[The problem]:
Write out the opening lines of the data word for word, up to and including the line with "3. van [200,195,203,198]", and leave every picture and every later line out.

[Collected data]:
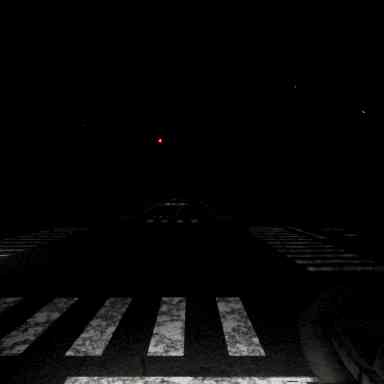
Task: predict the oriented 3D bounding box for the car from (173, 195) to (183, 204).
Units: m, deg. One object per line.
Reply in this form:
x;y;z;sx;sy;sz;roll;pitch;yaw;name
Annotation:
-2.897;1.499;69.348;2.097;1.767;4.553;0;0;0;car
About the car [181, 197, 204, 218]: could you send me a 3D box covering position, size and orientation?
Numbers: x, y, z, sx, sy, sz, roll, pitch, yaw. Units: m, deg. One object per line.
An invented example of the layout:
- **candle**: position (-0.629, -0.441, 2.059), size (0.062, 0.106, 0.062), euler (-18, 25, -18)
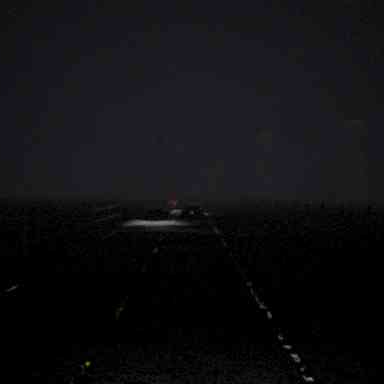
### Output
- **car**: position (0.021, 1.408, 28.415), size (1.812, 1.442, 4.674), euler (0, 0, 1)

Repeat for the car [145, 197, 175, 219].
- **car**: position (-2.773, 1.362, 27.957), size (1.882, 1.535, 5.008), euler (0, 0, 0)

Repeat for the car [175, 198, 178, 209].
- **car**: position (-2.777, 1.308, 41.460), size (1.882, 1.535, 5.008), euler (0, 0, 0)
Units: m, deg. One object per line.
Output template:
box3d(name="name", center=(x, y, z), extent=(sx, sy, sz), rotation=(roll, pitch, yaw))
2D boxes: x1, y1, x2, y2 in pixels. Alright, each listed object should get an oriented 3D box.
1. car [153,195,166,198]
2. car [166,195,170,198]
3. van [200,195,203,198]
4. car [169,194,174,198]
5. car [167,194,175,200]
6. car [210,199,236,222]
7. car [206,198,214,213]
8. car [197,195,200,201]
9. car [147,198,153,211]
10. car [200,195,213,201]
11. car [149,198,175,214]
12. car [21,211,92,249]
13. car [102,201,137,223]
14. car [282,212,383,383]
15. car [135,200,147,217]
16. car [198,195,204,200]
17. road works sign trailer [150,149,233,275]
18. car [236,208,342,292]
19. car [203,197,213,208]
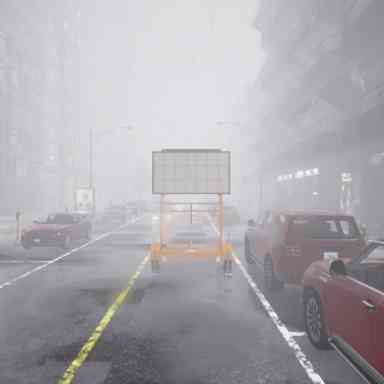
box3d(name="car", center=(-5.790, 1.428, 54.104), extent=(1.967, 1.590, 4.097), rotation=(1, 0, 0))
box3d(name="car", center=(-5.815, 1.561, 65.417), extent=(1.802, 1.307, 4.206), rotation=(1, 0, 0))
box3d(name="van", center=(2.591, 1.329, 54.086), extent=(1.690, 1.788, 3.998), rotation=(1, 0, 0))
box3d(name="car", center=(-5.837, 1.409, 76.730), extent=(1.967, 1.590, 4.097), rotation=(1, 0, 0))
box3d(name="car", center=(-5.871, 1.389, 93.701), extent=(1.967, 1.590, 4.097), rotation=(1, 0, 0))
box3d(name="car", center=(2.647, 1.528, 25.972), extent=(1.752, 1.417, 4.829), rotation=(1, 0, 0))
box3d(name="car", center=(2.635, 1.566, 31.459), extent=(1.947, 1.339, 4.313), rotation=(1, 0, 0))
box3d(name="car", center=(2.541, 1.551, 76.712), extent=(1.802, 1.307, 4.206), rotation=(1, 0, 0))
box3d(name="car", center=(-5.757, 1.564, 37.132), extent=(1.947, 1.339, 4.313), rotation=(1, 0, 0))
box3d(name="car", center=(2.600, 1.557, 48.429), extent=(1.947, 1.339, 4.313), rotation=(1, 0, 0))
box3d(name="car", center=(-3.073, 1.599, 35.435), extent=(1.895, 1.301, 4.718), rotation=(0, 0, 0))
box3d(name="car", center=(-5.710, 1.548, 14.505), extent=(1.887, 1.381, 4.507), rotation=(1, 0, 0))
box3d(name="car", center=(-5.734, 1.584, 25.818), extent=(1.802, 1.307, 4.206), rotation=(1, 0, 0))
box3d(name="car", center=(2.696, 1.316, 3.175), extent=(2.192, 1.841, 5.009), rotation=(1, 0, 0))
box3d(name="car", center=(-5.745, 1.545, 31.475), extent=(1.887, 1.381, 4.507), rotation=(1, 0, 0))
box3d(name="car", center=(2.507, 1.530, 93.682), extent=(1.802, 1.307, 4.206), rotation=(1, 0, 0))
box3d(name="road works sign trailer", center=(-0.021, 0.467, 10.391), extent=(2.380, 3.560, 2.880), rotation=(0, 0, 0))
box3d(name="car", center=(2.685, 1.317, 8.833), extent=(2.192, 1.841, 5.009), rotation=(1, 0, 0))
box3d(name="car", center=(2.624, 1.549, 37.116), extent=(2.008, 1.369, 4.403), rotation=(1, 0, 0))
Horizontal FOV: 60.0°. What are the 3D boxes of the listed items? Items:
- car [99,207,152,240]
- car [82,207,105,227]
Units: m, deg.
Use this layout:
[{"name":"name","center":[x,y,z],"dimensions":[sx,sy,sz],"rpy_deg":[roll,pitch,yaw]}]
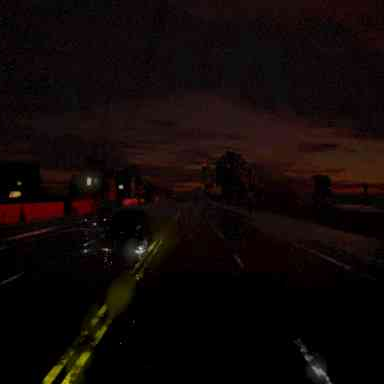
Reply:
[{"name":"car","center":[-3.350,1.680,18.350],"dimensions":[1.882,1.535,5.008],"rpy_deg":[0,-1,0]},{"name":"car","center":[-6.600,1.828,25.241],"dimensions":[2.033,1.411,5.357],"rpy_deg":[0,-1,0]}]
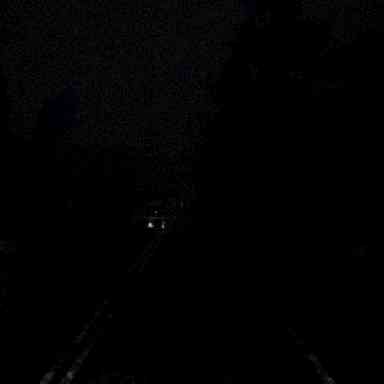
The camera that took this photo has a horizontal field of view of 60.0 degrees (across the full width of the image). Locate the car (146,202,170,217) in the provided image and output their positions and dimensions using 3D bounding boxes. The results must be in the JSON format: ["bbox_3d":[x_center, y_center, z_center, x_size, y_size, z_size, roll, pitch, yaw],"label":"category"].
[{"bbox_3d":[-3.289,1.682,32.703,1.994,1.385,4.181,0,0,1],"label":"car"}]

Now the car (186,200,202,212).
[{"bbox_3d":[0.222,1.727,42.127,2.033,1.411,5.357,0,0,1],"label":"car"}]
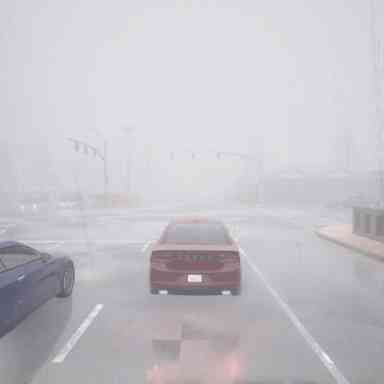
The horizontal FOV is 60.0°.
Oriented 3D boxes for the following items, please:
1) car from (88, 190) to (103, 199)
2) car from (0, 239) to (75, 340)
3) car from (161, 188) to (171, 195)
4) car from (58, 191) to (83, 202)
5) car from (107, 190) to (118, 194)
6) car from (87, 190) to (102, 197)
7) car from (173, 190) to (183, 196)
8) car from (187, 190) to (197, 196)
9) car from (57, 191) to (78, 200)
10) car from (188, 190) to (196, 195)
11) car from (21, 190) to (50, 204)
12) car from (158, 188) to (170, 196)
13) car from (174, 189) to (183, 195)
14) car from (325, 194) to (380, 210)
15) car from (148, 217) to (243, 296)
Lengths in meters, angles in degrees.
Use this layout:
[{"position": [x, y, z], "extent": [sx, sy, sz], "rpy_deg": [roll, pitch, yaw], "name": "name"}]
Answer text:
[{"position": [-17.548, 0.515, 60.765], "extent": [1.812, 1.442, 4.674], "rpy_deg": [0, 1, -1], "name": "car"}, {"position": [-3.434, 1.459, 5.274], "extent": [1.812, 1.442, 4.674], "rpy_deg": [0, 1, 0], "name": "car"}, {"position": [-6.981, -0.144, 89.198], "extent": [2.097, 1.767, 4.553], "rpy_deg": [0, 1, 1], "name": "car"}, {"position": [-17.604, 0.681, 49.088], "extent": [2.128, 1.511, 4.902], "rpy_deg": [0, 1, -1], "name": "car"}, {"position": [-17.484, 0.327, 73.246], "extent": [1.994, 1.385, 4.181], "rpy_deg": [0, 1, 0], "name": "car"}, {"position": [-20.984, 0.303, 71.594], "extent": [1.837, 1.490, 4.892], "rpy_deg": [0, 1, 0], "name": "car"}, {"position": [-3.482, 0.249, 77.826], "extent": [1.994, 1.385, 4.181], "rpy_deg": [0, 1, 0], "name": "car"}, {"position": [0.019, 0.200, 77.611], "extent": [1.837, 1.490, 4.892], "rpy_deg": [0, 1, 0], "name": "car"}, {"position": [-21.063, 0.591, 56.359], "extent": [1.812, 1.442, 4.674], "rpy_deg": [0, 2, 0], "name": "car"}, {"position": [0.019, 0.116, 88.060], "extent": [1.895, 1.301, 4.718], "rpy_deg": [0, 1, 0], "name": "car"}, {"position": [-21.087, 0.615, 44.862], "extent": [2.097, 1.767, 4.553], "rpy_deg": [0, 1, 0], "name": "car"}, {"position": [-6.983, 0.221, 78.688], "extent": [2.033, 1.411, 5.357], "rpy_deg": [0, 1, 0], "name": "car"}, {"position": [-3.481, 0.068, 87.613], "extent": [2.033, 1.411, 5.357], "rpy_deg": [0, 1, 0], "name": "car"}, {"position": [15.515, 0.983, 32.249], "extent": [4.892, 1.490, 1.837], "rpy_deg": [0, 1, 2], "name": "car"}, {"position": [0.114, 1.363, 8.458], "extent": [1.882, 1.535, 5.008], "rpy_deg": [0, 1, 1], "name": "car"}]
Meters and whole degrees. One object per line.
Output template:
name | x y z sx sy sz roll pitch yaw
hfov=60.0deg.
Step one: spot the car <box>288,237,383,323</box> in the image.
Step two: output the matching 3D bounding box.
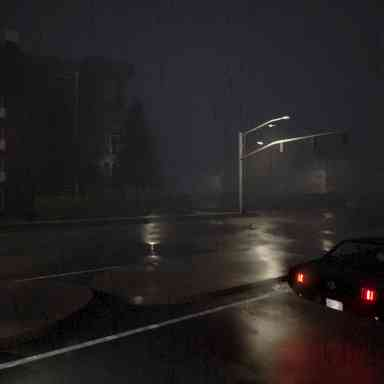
car | 4.205 1.601 6.863 4.718 1.301 1.895 0 0 -35
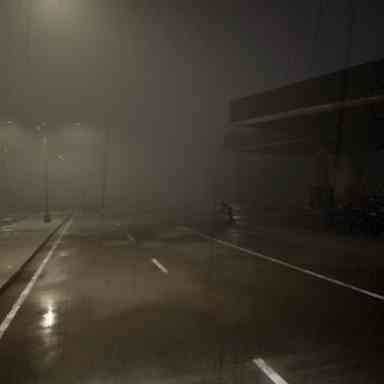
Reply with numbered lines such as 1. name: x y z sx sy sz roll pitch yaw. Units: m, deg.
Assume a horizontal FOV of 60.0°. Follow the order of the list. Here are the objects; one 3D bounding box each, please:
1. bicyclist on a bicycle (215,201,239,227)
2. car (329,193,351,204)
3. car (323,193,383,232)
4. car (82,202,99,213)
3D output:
1. bicyclist on a bicycle: 2.137 1.355 20.855 1.656 1.620 0.582 -7 -9 -19
2. car: 21.401 0.884 48.033 1.994 1.385 4.181 -2 0 38
3. car: 8.860 1.015 17.005 2.242 1.667 4.611 -2 0 -17
4. car: -13.109 1.947 43.018 1.994 1.385 4.181 -2 0 -17
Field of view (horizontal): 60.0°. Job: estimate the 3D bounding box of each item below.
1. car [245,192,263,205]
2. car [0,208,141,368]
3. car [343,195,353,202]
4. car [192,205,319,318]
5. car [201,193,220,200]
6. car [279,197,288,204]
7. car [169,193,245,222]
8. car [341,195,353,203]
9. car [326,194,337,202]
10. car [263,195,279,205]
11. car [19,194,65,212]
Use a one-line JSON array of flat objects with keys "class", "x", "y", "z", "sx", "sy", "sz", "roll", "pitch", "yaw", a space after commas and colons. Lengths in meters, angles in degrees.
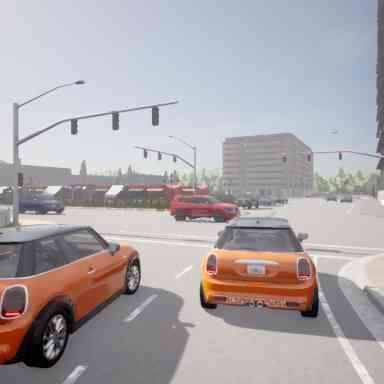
[{"class": "car", "x": 7.349, "y": 1.221, "z": 44.516, "sx": 2.150, "sy": 2.045, "sz": 5.566, "roll": 0, "pitch": 0, "yaw": 27}, {"class": "car", "x": -2.509, "y": 1.352, "z": 6.052, "sx": 2.097, "sy": 1.767, "sz": 4.553, "roll": 0, "pitch": 0, "yaw": 9}, {"class": "car", "x": 36.526, "y": 1.500, "z": 77.823, "sx": 1.837, "sy": 1.490, "sz": 4.892, "roll": 0, "pitch": 0, "yaw": 27}, {"class": "car", "x": 1.603, "y": 1.352, "z": 7.770, "sx": 2.097, "sy": 1.767, "sz": 4.553, "roll": 0, "pitch": 0, "yaw": 14}, {"class": "car", "x": 4.879, "y": 1.209, "z": 86.910, "sx": 4.605, "sy": 1.855, "sz": 1.932, "roll": 0, "pitch": 0, "yaw": 28}, {"class": "car", "x": 16.565, "y": 1.601, "z": 62.209, "sx": 1.895, "sy": 1.301, "sz": 4.718, "roll": 0, "pitch": 0, "yaw": 28}, {"class": "car", "x": 0.915, "y": 1.265, "z": 25.675, "sx": 5.566, "sy": 2.045, "sz": 2.150, "roll": 0, "pitch": 0, "yaw": 28}, {"class": "car", "x": 31.954, "y": 1.595, "z": 68.991, "sx": 1.895, "sy": 1.301, "sz": 4.718, "roll": 0, "pitch": 0, "yaw": 27}, {"class": "car", "x": 33.386, "y": 1.355, "z": 79.371, "sx": 2.097, "sy": 1.767, "sz": 4.553, "roll": 0, "pitch": 0, "yaw": 27}, {"class": "car", "x": 11.940, "y": 1.352, "z": 53.366, "sx": 2.097, "sy": 1.767, "sz": 4.553, "roll": 0, "pitch": 0, "yaw": 27}, {"class": "car", "x": -15.768, "y": 1.275, "z": 34.469, "sx": 5.566, "sy": 2.045, "sz": 2.150, "roll": 0, "pitch": 0, "yaw": 28}]
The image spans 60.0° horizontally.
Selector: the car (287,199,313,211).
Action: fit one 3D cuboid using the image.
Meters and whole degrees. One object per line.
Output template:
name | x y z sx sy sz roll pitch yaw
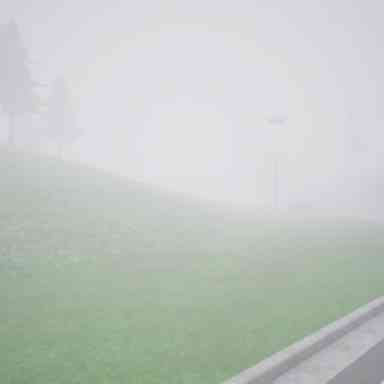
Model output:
car | 14.903 1.725 46.171 1.882 1.535 5.008 0 0 -7
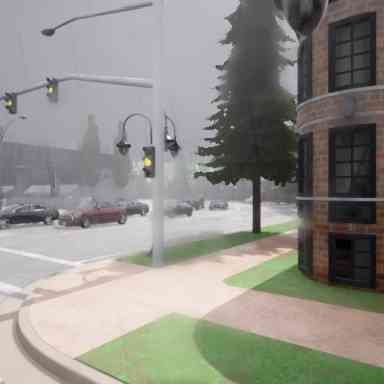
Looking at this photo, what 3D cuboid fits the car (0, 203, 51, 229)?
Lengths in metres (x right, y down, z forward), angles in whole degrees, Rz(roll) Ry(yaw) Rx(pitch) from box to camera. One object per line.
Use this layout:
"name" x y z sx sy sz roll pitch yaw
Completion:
"car" -11.079 1.490 21.644 2.128 1.511 4.902 0 0 35

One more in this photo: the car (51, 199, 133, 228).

[Expected output]:
Task: predict the oriented 3D bounding box for the car from (173, 195) to (183, 204).
Units: m, deg. One object per line.
Reply in this form:
x;y;z;sx;sy;sz;roll;pitch;yaw;name
Annotation:
-2.897;1.499;69.348;2.097;1.767;4.553;0;0;0;car
About the car [181, 197, 204, 218]: could you send me a 3D box covering position, size and orientation?
Numbers: x, y, z, sx, sy, sz, roll, pitch, yaw. Units: m, deg. One object per line.
An invented example of the layout:
- **candle**: position (-0.629, -0.441, 2.059), size (0.062, 0.106, 0.062), euler (-18, 25, -18)
### Output
- **car**: position (0.021, 1.408, 28.415), size (1.812, 1.442, 4.674), euler (0, 0, 1)

Repeat for the car [145, 197, 175, 219].
- **car**: position (-2.773, 1.362, 27.957), size (1.882, 1.535, 5.008), euler (0, 0, 0)

Repeat for the car [175, 198, 178, 209].
- **car**: position (-2.777, 1.308, 41.460), size (1.882, 1.535, 5.008), euler (0, 0, 0)
Units: m, deg. One object per line.
Output template:
box3d(name="name", center=(x, y, z), extent=(sx, sy, sz), rotation=(roll, pitch, yaw))
2D boxes: x1, y1, x2, y2 in pixels. Alright, each listed object should get an oriented 3D box.
1. car [153,195,166,198]
2. car [166,195,170,198]
3. van [200,195,203,198]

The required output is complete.